§ Task statement
The reply should contain only the lines from the start of the records through the line with "text De gemeente Groningen", reproduced verbatim and without pictures.

[Study material]

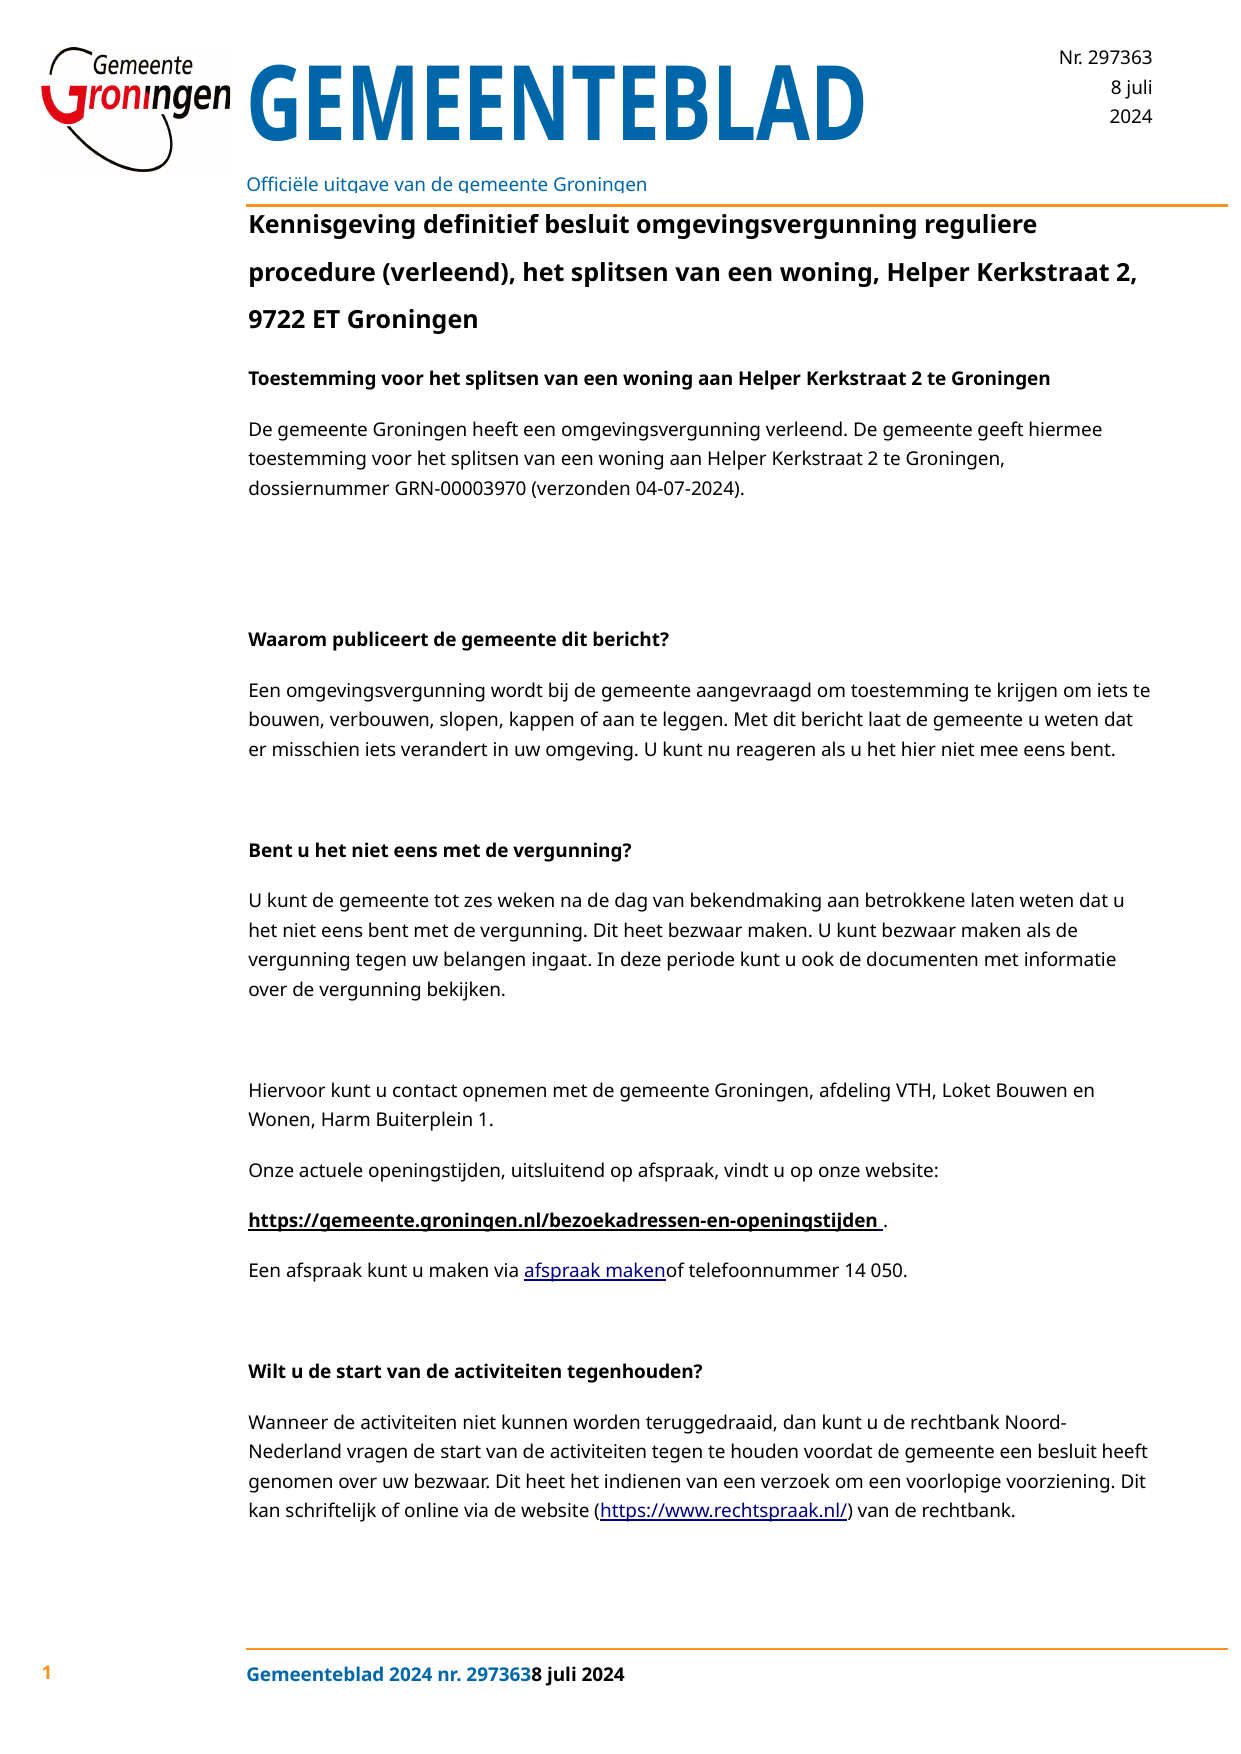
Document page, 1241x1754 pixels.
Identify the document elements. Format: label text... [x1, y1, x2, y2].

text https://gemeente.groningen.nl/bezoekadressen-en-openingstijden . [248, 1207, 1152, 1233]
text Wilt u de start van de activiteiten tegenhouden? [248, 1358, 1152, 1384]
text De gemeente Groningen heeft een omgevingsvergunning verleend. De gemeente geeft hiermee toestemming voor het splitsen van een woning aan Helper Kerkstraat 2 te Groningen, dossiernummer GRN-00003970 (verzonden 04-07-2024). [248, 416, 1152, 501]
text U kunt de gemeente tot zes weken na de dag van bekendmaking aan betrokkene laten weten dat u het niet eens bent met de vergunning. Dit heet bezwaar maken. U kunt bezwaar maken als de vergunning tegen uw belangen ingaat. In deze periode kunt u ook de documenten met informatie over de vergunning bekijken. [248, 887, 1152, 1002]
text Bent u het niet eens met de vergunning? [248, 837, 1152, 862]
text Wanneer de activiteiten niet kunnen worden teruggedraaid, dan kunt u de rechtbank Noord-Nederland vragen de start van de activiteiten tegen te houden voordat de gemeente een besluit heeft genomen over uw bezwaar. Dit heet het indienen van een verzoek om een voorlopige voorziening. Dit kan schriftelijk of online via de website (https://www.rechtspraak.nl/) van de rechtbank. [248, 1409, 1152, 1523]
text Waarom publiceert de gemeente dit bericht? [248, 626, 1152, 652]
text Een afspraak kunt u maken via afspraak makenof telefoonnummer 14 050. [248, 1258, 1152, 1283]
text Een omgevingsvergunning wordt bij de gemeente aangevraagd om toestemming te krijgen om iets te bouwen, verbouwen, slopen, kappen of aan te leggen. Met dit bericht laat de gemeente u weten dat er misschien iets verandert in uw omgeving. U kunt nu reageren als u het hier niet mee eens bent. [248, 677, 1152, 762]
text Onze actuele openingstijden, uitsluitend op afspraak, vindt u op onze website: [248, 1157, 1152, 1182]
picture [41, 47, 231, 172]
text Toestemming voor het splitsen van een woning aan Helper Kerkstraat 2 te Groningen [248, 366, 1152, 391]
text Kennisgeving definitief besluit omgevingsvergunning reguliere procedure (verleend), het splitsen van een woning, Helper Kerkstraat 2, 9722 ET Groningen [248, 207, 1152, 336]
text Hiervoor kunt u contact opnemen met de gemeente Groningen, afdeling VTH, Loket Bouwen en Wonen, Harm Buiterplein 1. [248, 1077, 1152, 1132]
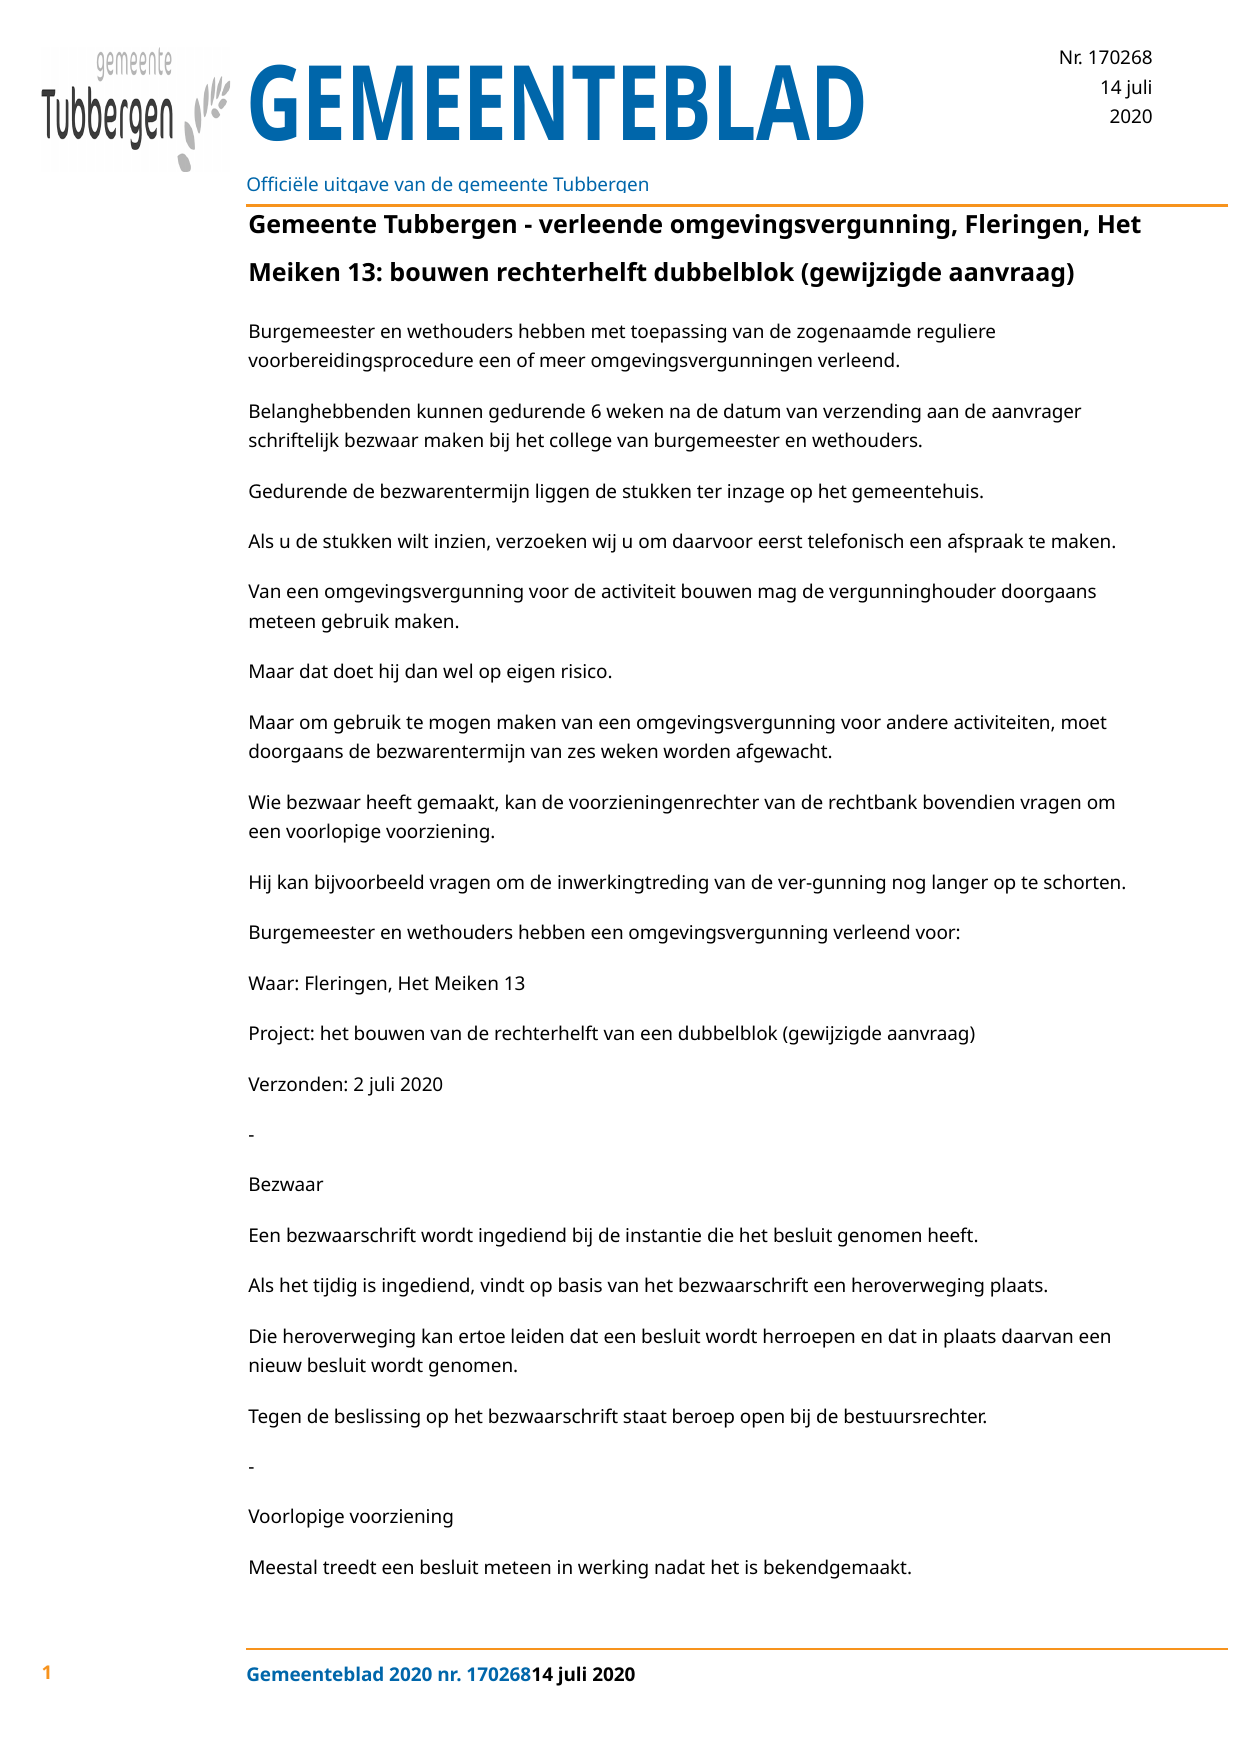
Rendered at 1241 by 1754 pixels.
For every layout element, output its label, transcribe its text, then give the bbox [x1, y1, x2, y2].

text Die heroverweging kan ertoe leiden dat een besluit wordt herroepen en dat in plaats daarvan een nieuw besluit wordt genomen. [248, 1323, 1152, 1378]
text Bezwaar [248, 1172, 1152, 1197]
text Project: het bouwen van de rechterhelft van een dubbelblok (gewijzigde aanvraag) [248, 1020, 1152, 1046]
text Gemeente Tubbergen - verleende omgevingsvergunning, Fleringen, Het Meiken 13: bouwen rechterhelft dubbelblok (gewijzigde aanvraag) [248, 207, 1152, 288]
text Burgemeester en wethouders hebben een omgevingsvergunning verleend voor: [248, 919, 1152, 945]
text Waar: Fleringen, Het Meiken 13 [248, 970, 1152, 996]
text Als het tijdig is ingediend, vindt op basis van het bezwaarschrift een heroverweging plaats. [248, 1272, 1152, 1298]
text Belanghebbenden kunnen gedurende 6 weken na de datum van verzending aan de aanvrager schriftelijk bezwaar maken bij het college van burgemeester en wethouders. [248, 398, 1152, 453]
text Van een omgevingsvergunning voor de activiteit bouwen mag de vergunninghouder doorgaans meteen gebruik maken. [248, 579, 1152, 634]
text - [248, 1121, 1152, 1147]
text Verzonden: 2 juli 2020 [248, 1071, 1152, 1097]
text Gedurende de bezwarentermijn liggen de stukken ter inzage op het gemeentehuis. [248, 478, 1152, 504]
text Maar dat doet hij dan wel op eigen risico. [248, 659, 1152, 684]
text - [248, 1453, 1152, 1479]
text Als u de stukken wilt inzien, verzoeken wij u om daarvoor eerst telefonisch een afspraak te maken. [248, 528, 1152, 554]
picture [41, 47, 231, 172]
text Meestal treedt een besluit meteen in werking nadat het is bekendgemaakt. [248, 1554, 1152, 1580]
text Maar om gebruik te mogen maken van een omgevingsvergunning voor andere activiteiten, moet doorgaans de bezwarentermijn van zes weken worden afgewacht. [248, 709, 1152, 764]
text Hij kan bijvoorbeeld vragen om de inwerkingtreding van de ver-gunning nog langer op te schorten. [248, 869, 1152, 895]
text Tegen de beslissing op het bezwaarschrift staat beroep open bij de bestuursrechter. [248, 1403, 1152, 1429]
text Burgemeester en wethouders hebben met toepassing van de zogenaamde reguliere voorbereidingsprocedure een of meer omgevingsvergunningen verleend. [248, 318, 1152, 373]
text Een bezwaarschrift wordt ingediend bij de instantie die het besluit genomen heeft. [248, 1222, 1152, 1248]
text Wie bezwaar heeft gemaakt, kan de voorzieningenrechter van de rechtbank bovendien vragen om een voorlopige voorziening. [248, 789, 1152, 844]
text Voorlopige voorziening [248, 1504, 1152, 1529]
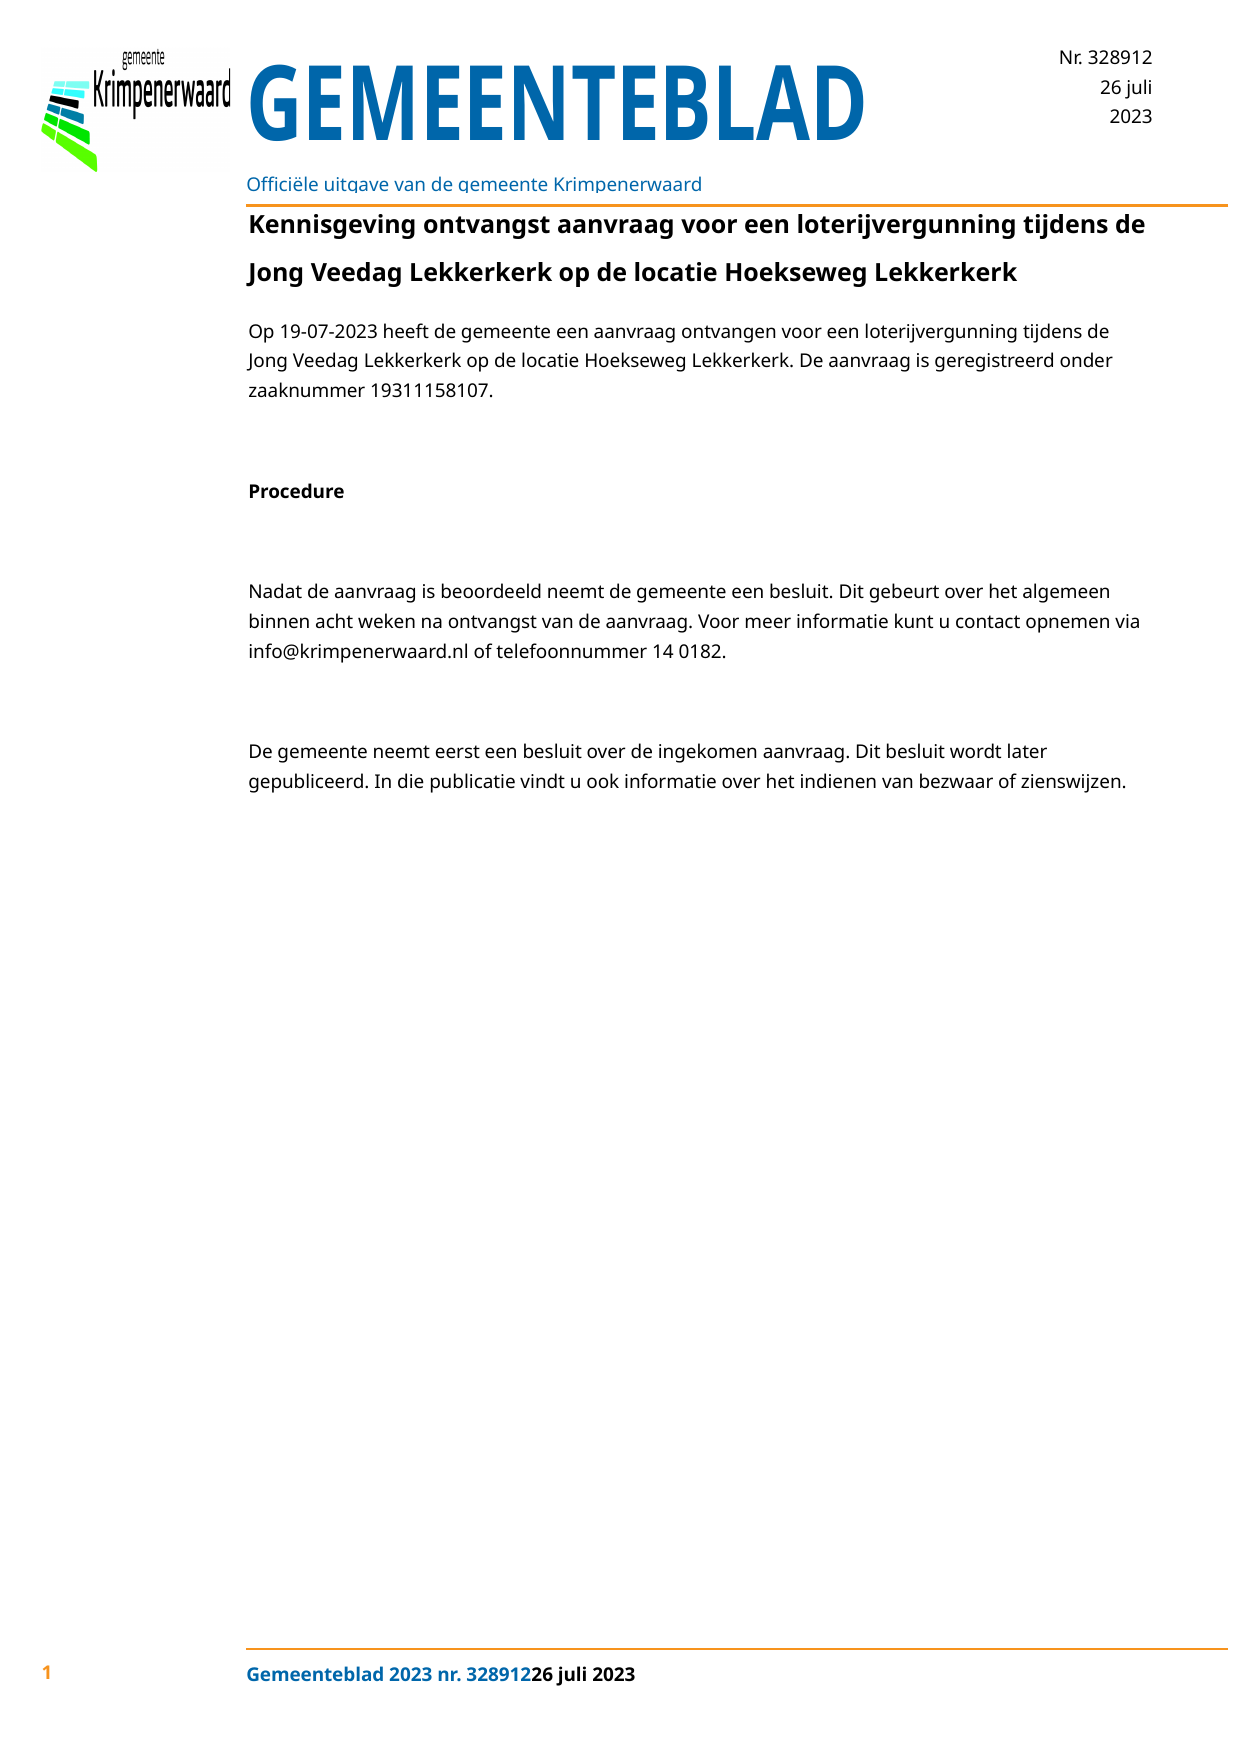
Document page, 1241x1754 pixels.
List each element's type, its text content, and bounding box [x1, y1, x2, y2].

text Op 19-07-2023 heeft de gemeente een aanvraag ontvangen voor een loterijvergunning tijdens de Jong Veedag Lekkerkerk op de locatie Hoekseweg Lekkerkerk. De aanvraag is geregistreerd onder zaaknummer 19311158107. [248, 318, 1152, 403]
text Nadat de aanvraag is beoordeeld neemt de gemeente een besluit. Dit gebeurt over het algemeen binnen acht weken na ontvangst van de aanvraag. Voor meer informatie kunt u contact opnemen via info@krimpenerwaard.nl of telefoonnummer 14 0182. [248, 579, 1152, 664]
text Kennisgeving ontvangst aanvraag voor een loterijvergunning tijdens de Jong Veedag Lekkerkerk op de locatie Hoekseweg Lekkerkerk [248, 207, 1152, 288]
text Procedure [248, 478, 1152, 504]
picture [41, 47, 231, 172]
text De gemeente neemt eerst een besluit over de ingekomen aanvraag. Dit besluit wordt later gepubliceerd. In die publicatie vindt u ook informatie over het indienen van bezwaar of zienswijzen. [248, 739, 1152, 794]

[/Study material]

§ Output for this task
Document page, 1241x1754 pixels.
Identify the document elements. Format: label text... [x1, y1, x2, y2].

text https://gemeente.groningen.nl/bezoekadressen-en-openingstijden . [248, 1207, 1152, 1233]
text Wilt u de start van de activiteiten tegenhouden? [248, 1358, 1152, 1384]
text De gemeente Groningen heeft een omgevingsvergunning verleend. De gemeente geeft hiermee toestemming voor het splitsen van een woning aan Helper Kerkstraat 2 te Groningen, dossiernummer GRN-00003970 (verzonden 04-07-2024). [248, 416, 1152, 501]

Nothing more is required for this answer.